Recombinant Rabbit monoclonal primary
Recombinant c-Fos Monoclonal Antibody (ET1701-95)
Store at +4C after thawing. Aliquot store at -20C or -80C. Avoid repeated freeze / thaw cycles.
1*TBS (pH7.4), 0.05% BSA, 40% Glycerol. Preservative: 0.05% Sodium Azide.
Protein A affinity purified.
Activator protein 1 antibody; AP 1 antibody; C FOS antibody; Cellular oncogene c fos antibody; Cellular oncogene fos antibody; FBJ murine osteosarcoma viral (v fos) oncogene homolog (oncogene FOS) antibody; FBJ murine osteosarcoma viral oncogene homolog antibody; FBJ murine osteosarcoma viral v fos oncogene homolog antibody; FBJ Osteosarcoma Virus antibody; FOS antibody; FOS protein antibody; FOS_HUMAN antibody; G0 G1 switch regulatory protein 7 antibody; G0/G1 switch regulatory protein 7 antibody; G0S7 antibody; Oncogene FOS antibody; p55 antibody; proto oncogene c Fos antibody; Proto oncogene protein c fos antibody; Proto-oncogene c-Fos antibody; v fos FBJ murine osteosarcoma viral oncogene homolog antibody
Belongs to the bZIP family. Fos subfamily.

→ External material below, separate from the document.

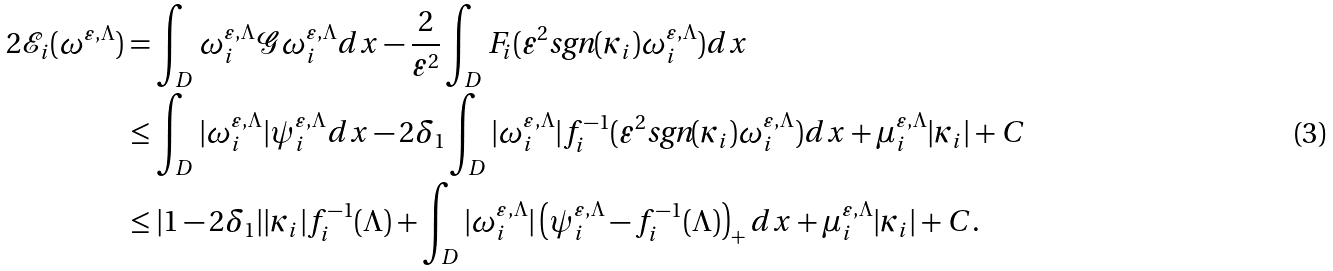<formula> <loc_0><loc_0><loc_500><loc_500>2 \mathcal { E } _ { i } ( \omega ^ { \varepsilon , \Lambda } ) & = \int _ { D } \omega ^ { \varepsilon , \Lambda } _ { i } \mathcal { G } \omega ^ { \varepsilon , \Lambda } _ { i } d x - \frac { 2 } { \varepsilon ^ { 2 } } \int _ { D } F _ { i } ( \varepsilon ^ { 2 } \text {sgn} ( \kappa _ { i } ) \omega ^ { \varepsilon , \Lambda } _ { i } ) d x \\ & \leq \int _ { D } | \omega ^ { \varepsilon , \Lambda } _ { i } | \psi ^ { \varepsilon , \Lambda } _ { i } d x - 2 \delta _ { 1 } \int _ { D } | \omega ^ { \varepsilon , \Lambda } _ { i } | f _ { i } ^ { - 1 } ( \varepsilon ^ { 2 } \text {sgn} ( \kappa _ { i } ) \omega ^ { \varepsilon , \Lambda } _ { i } ) d x + \mu ^ { \varepsilon , \Lambda } _ { i } | \kappa _ { i } | + C \\ & \leq | 1 - 2 \delta _ { 1 } | | \kappa _ { i } | f _ { i } ^ { - 1 } ( \Lambda ) + \int _ { D } | \omega ^ { \varepsilon , \Lambda } _ { i } | \left ( \psi ^ { \varepsilon , \Lambda } _ { i } - f _ { i } ^ { - 1 } ( \Lambda ) \right ) _ { + } d x + \mu ^ { \varepsilon , \Lambda } _ { i } | \kappa _ { i } | + C .</formula> 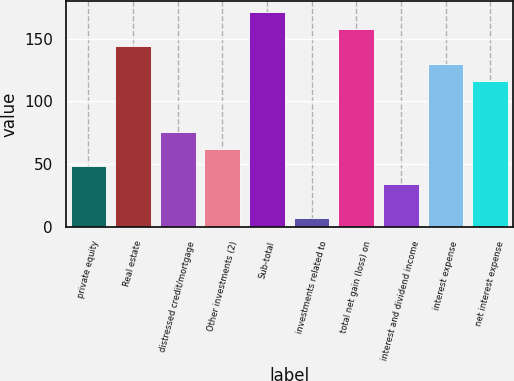Convert chart. <chart><loc_0><loc_0><loc_500><loc_500><bar_chart><fcel>private equity<fcel>Real estate<fcel>distressed credit/mortgage<fcel>Other investments (2)<fcel>Sub-total<fcel>investments related to<fcel>total net gain (loss) on<fcel>interest and dividend income<fcel>interest expense<fcel>net interest expense<nl><fcel>48.1<fcel>144<fcel>75.5<fcel>61.8<fcel>171.4<fcel>7<fcel>157.7<fcel>34.4<fcel>130.3<fcel>116.6<nl></chart>

Expressed at very low levels in quiescent cells. When cells are stimulated to reenter growth, they undergo 2 waves of expression, the first one peaks 7.5 minutes following FBS induction. At this stage, the protein is localized endoplasmic reticulum. The second wave of expression occurs at about 20 minutes after induction and peaks at 1 hour. At this stage, the protein becomes nuclear.

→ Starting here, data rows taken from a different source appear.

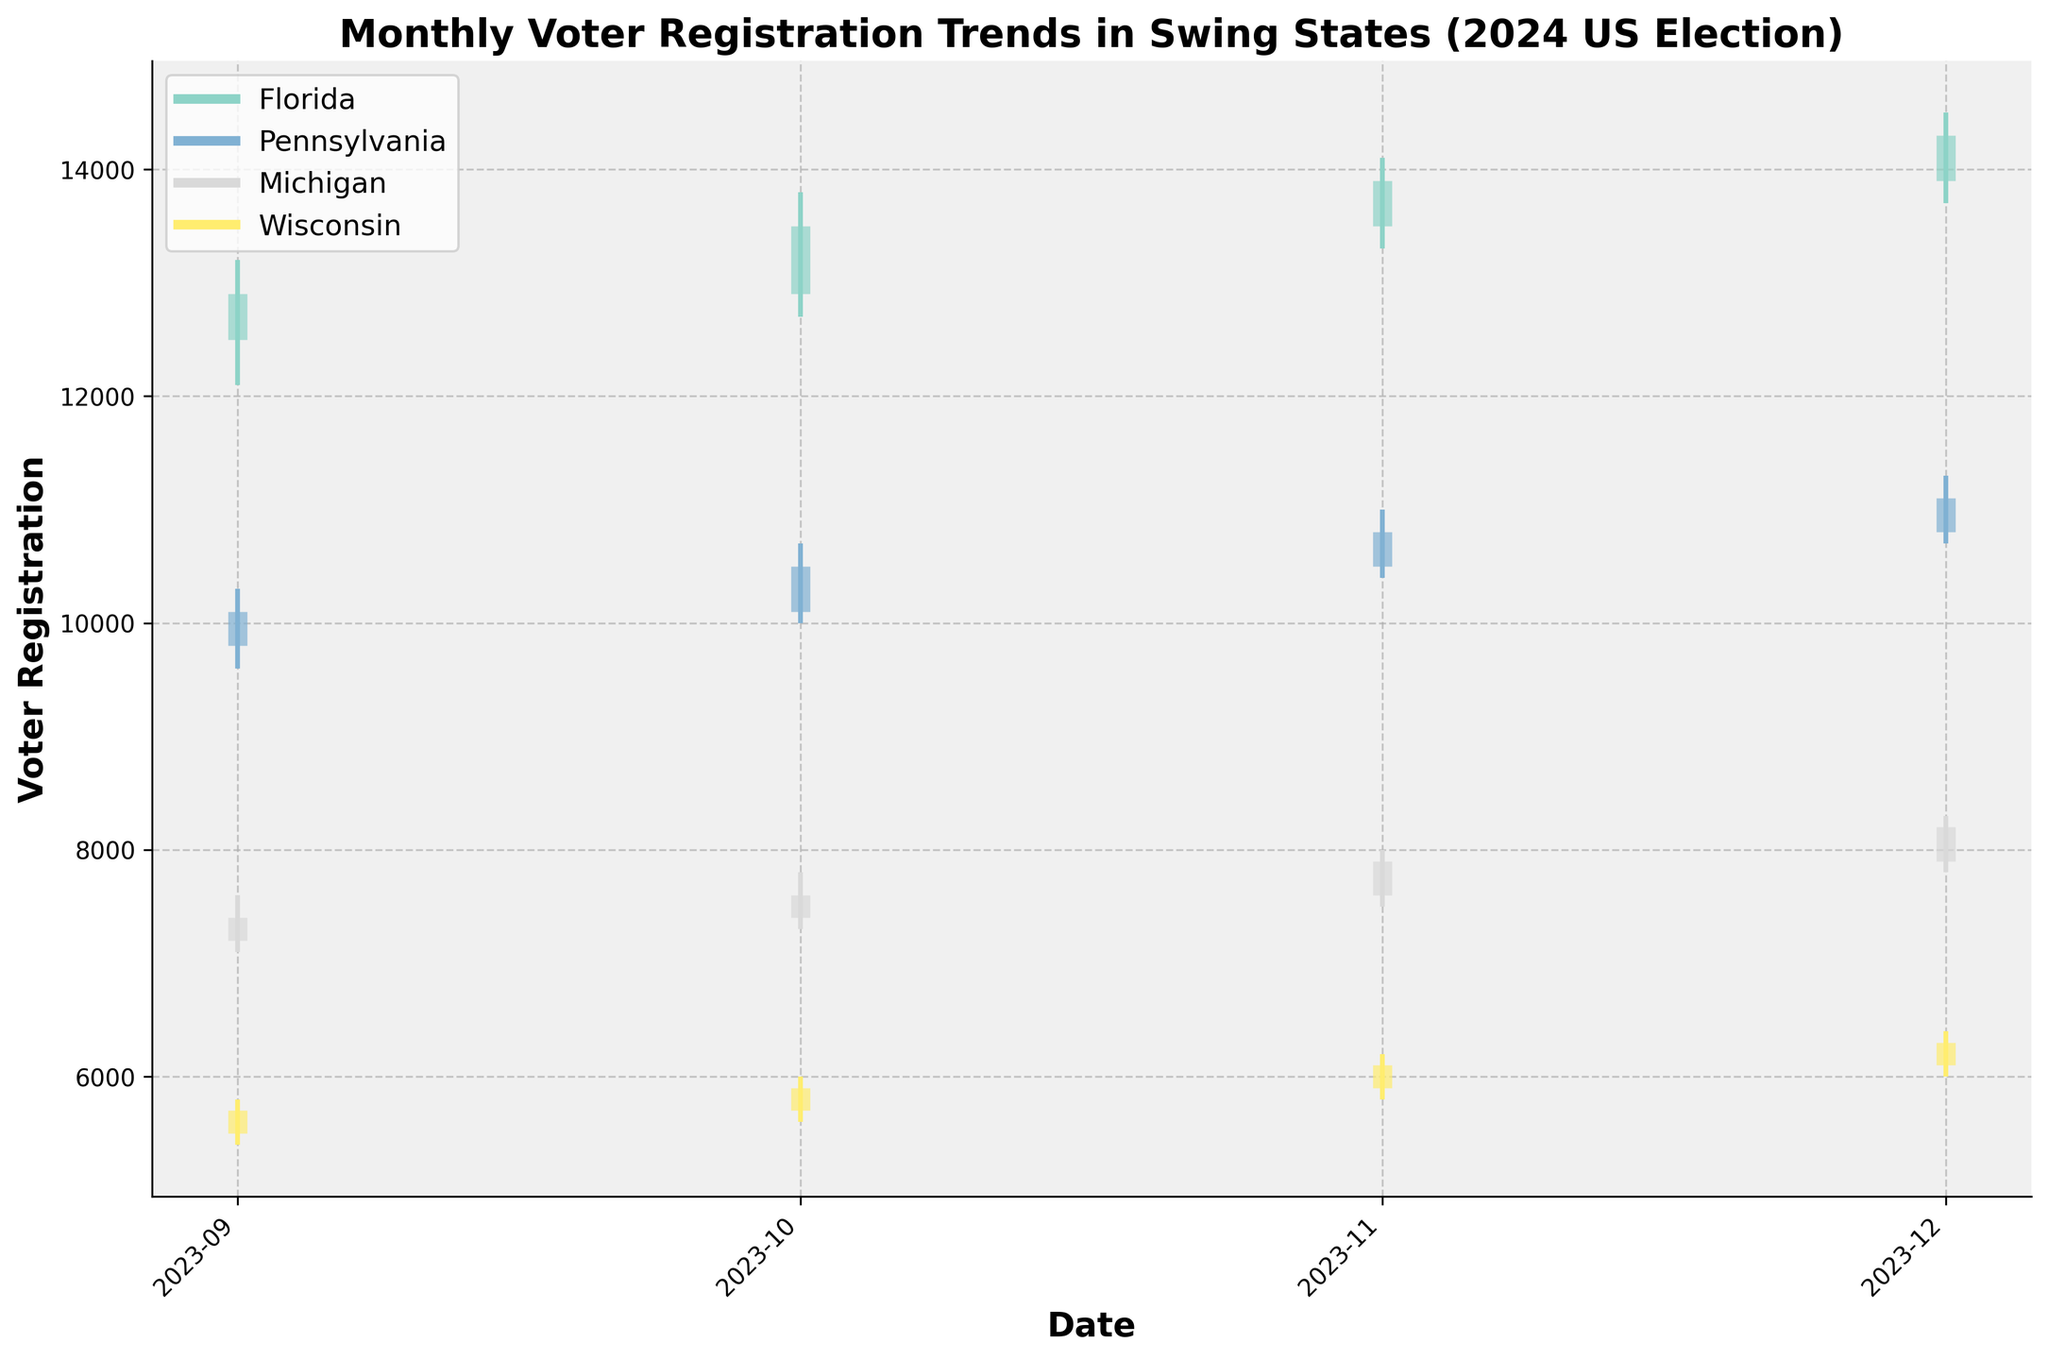what is the title of the figure? The title of the figure is prominently displayed at the top of the plot, providing a succinct description of the data being visualized.
Answer: Monthly Voter Registration Trends in Swing States (2024 US Election) What is the general trend in voter registration in Florida from September to December 2024? Observing the close values, we can see them steadily increasing each month: 12900 (Sep), 13500 (Oct), 13900 (Nov), and 14300 (Dec). This suggests a general upward trend in voter registration numbers.
Answer: Upward trend Which state has the highest closing voter registration value in December 2024? Examining the 'Close' values for December across all states, Pennsylvania has the highest value at 11100.
Answer: Pennsylvania What is the difference in the highest ('High') voter registration value between September and December for Wisconsin? The highest values for Wisconsin are 5800 (Sep) and 6400 (Dec). The difference is calculated as 6400 - 5800.
Answer: 600 How does the voter registration trend in Michigan compare to Pennsylvania from September to December 2024? Both states exhibit an upward trend in voter registration but at different magnitudes. Michigan's close values rise from 7400 (Sep) to 8200 (Dec), while Pennsylvania's values rise from 10100 (Sep) to 11100 (Dec). Both show an increasing trend, but Michigan increases by 800 and Pennsylvania by 1000.
Answer: Both upward; Pennsylvania by 1000, Michigan by 800 Which month saw the largest increase in Florida's voter registration numbers, and by how much? Looking at the 'Close' values for Florida, the largest increase was from October (13500) to November (13900), with a difference of 400.
Answer: November, 400 What is the average closing voter registration value in September 2024 across all four states? To find the average, sum the close values of all states in September (12900 + 10100 + 7400 + 5700) and divide by 4. The sum is 36100, and the average is 36100 / 4.
Answer: 9025 Which state has the smallest range (difference between high and low) in October 2024? Calculate the range for each state in October: Florida (13800-12700=1100), Pennsylvania (10700-10000=700), Michigan (7800-7300=500), Wisconsin (6000-5600=400). Wisconsin has the smallest range.
Answer: Wisconsin What is the overall trend of voter registration in Wisconsin from September to December 2024? Observing the 'Close' values for Wisconsin, we see: 5700 (Sep), 5900 (Oct), 6100 (Nov), and 6300 (Dec). This shows a consistent upward trend in voter registration numbers.
Answer: Upward trend 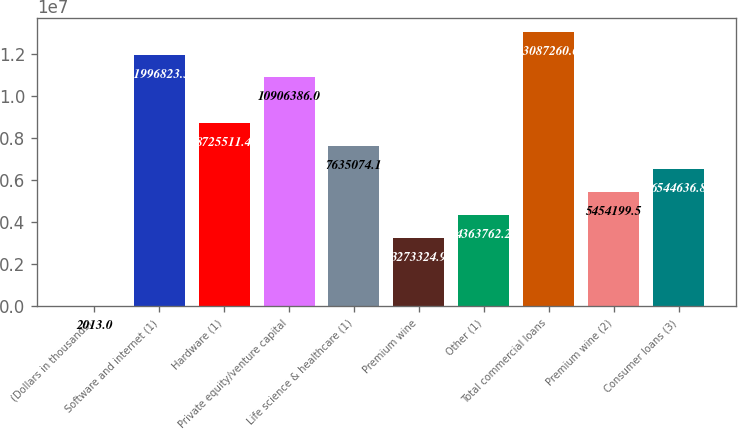Convert chart to OTSL. <chart><loc_0><loc_0><loc_500><loc_500><bar_chart><fcel>(Dollars in thousands)<fcel>Software and internet (1)<fcel>Hardware (1)<fcel>Private equity/venture capital<fcel>Life science & healthcare (1)<fcel>Premium wine<fcel>Other (1)<fcel>Total commercial loans<fcel>Premium wine (2)<fcel>Consumer loans (3)<nl><fcel>2013<fcel>1.19968e+07<fcel>8.72551e+06<fcel>1.09064e+07<fcel>7.63507e+06<fcel>3.27332e+06<fcel>4.36376e+06<fcel>1.30873e+07<fcel>5.4542e+06<fcel>6.54464e+06<nl></chart>

Phosphorylated in the C-terminal upon stimulation by nerve growth factor (NGF) and epidermal growth factor (EGF). Phosphorylated, in vitro, by MAPK and RSK1. Phosphorylation on both Ser-362 and Ser-374 by MAPK1/2 and RSK1/2 leads to protein stabilization with phosphorylation on Ser-374 being the major site for protein stabilization on NGF stimulation. Phosphorylation on Ser-362 and Ser-374 primes further phosphorylations on Thr-325 and Thr-331 through promoting docking of MAPK to the DEF domain. Phosphorylation on Thr-232, induced by HA-RAS, activates the transcriptional activity and antagonizes sumoylation. Phosphorylation on Ser-362 by RSK2 in osteoblasts contributes to osteoblast transformation (By similarity).; Constitutively sumoylated with SUMO1, SUMO2 and SUMO3. Desumoylated by SENP2. Sumoylation requires heterodimerization with JUN and is enhanced by mitogen stimulation. Sumoylation inhibits the AP-1 transcriptional activity and is, itself, inhibited by Ras-activated phosphorylation on Thr-232.; In quiescent cells, the small amount of FOS present is phosphorylated at Tyr-10 and Tyr-30 by SRC. This Tyr-phosphorylated form is cytosolic. In growing cells, dephosphorylated by PTPN2. Dephosphorylation leads to the association with endoplasmic reticulum membranes and activation of phospholipid synthesis.
Nucleus, Endoplasmic reticulum, Cytoplasm.
The c-Fos oncogene was initially detected in two independent murine osteosarcoma virus isolates and an avian nephroblastoma virus. The cellular homolog, c-Fos, encodes a nuclear phospho-protein that is rapidly and transiently induced by a variety of agents and functions as a transcriptional regulator for several genes. In contrast to c-Jun proteins, which form homo- and heterodimers which bind to specific DNA response elements, c-Fos proteins are only active as heterodimers with members of the Jun gene family. Functional homologs of c-Fos include the Fra-1, Fra-2 and Fos B genes. In addition, selected ATF/CREB family members can form leucine zipper dimers with Fos and Jun. Different dimers exhibit differential specificity and affinity for AP-1 and CRE sites.